[Collected data]

*****

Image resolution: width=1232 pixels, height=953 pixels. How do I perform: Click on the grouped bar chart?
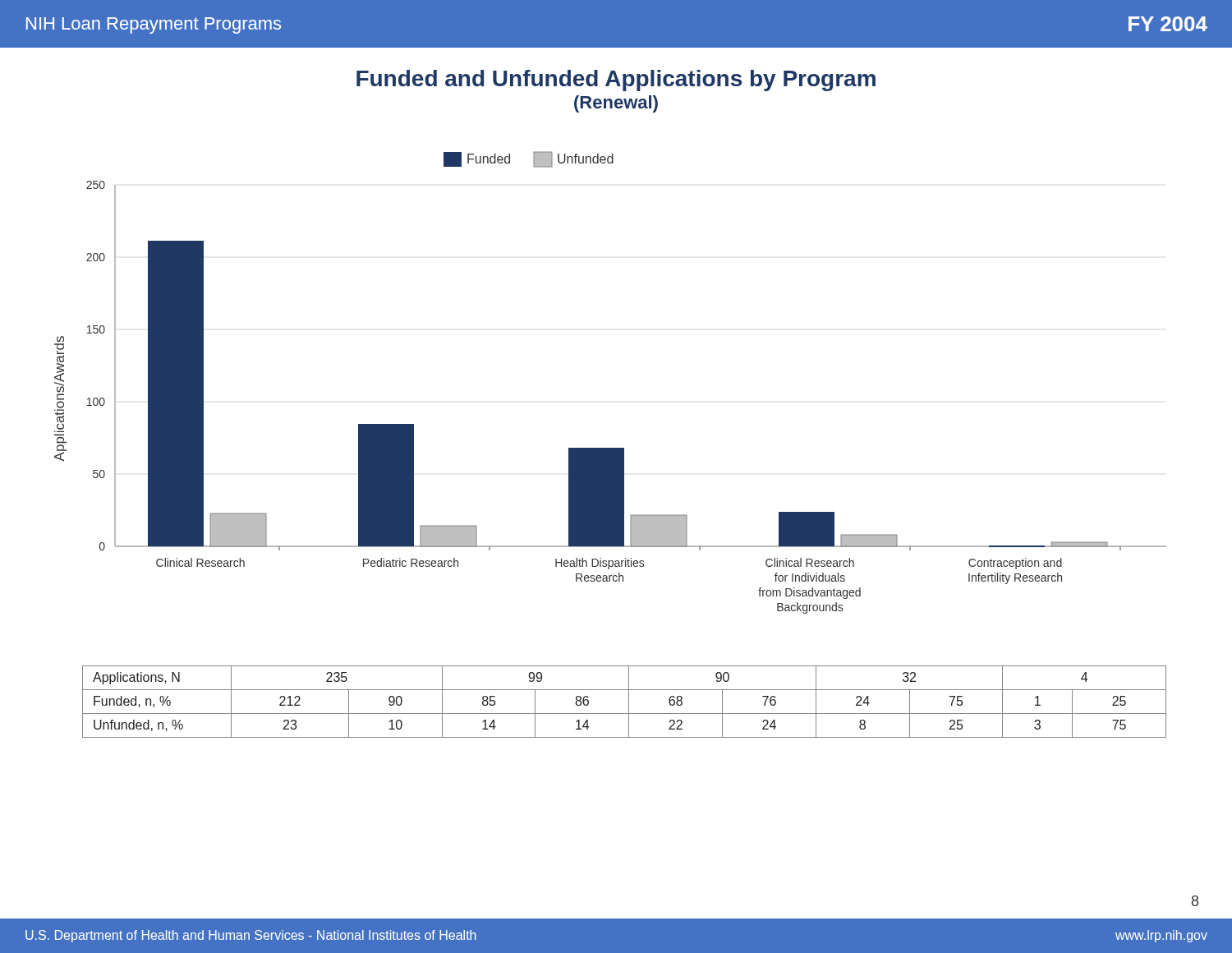click(x=620, y=398)
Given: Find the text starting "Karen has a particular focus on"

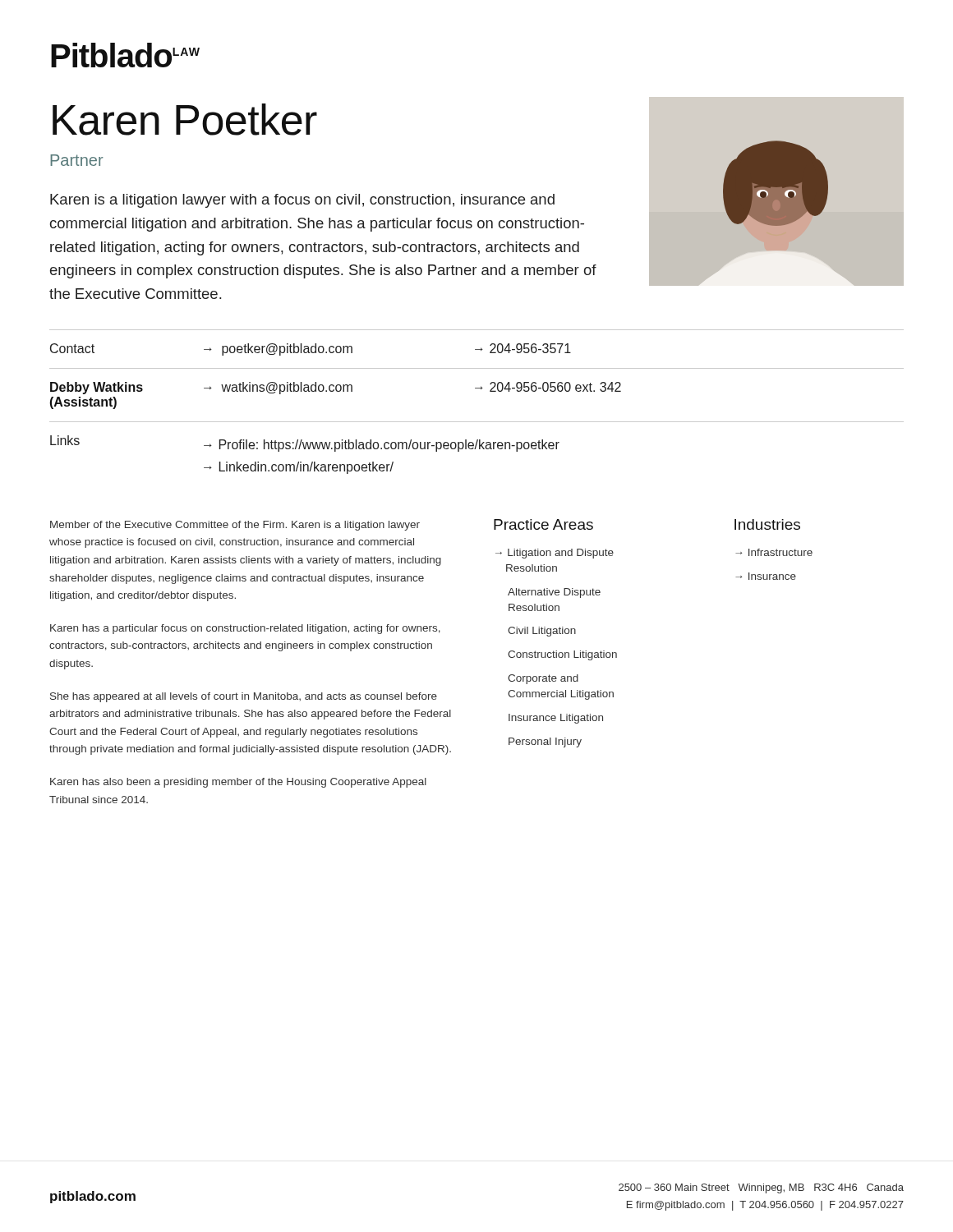Looking at the screenshot, I should click(245, 646).
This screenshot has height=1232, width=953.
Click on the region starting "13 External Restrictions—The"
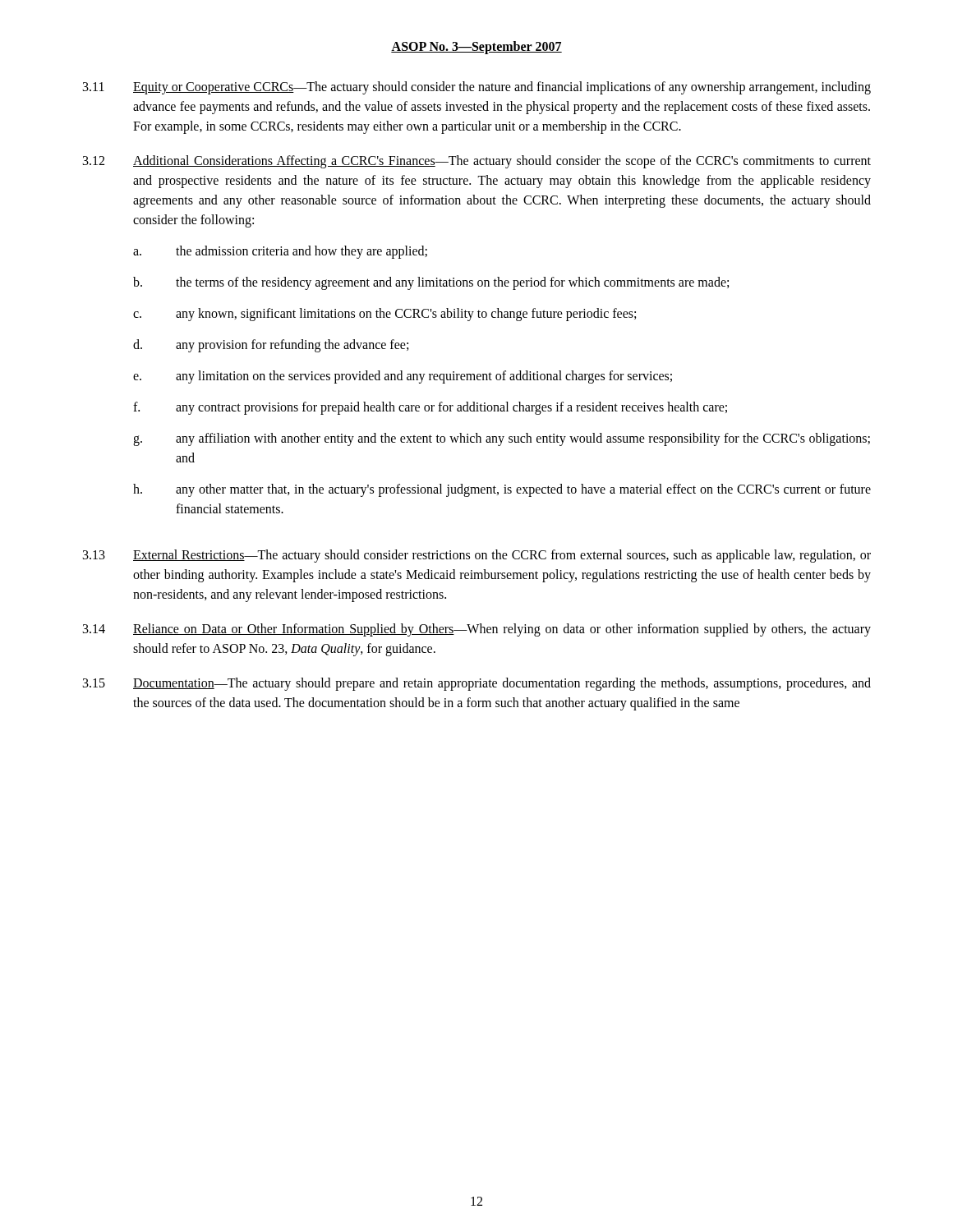(476, 575)

*****

### Your goal
Give every entry above again, exactly, and keep all pictures out of it.

### Answer for the task
Image resolution: width=1232 pixels, height=953 pixels. How do I perform: Click on the grouped bar chart?
click(x=620, y=398)
Given: Find the text starting "Karen has a particular focus on"

Looking at the screenshot, I should click(245, 646).
This screenshot has height=1232, width=953.
Click on the region starting "13 External Restrictions—The"
(476, 575)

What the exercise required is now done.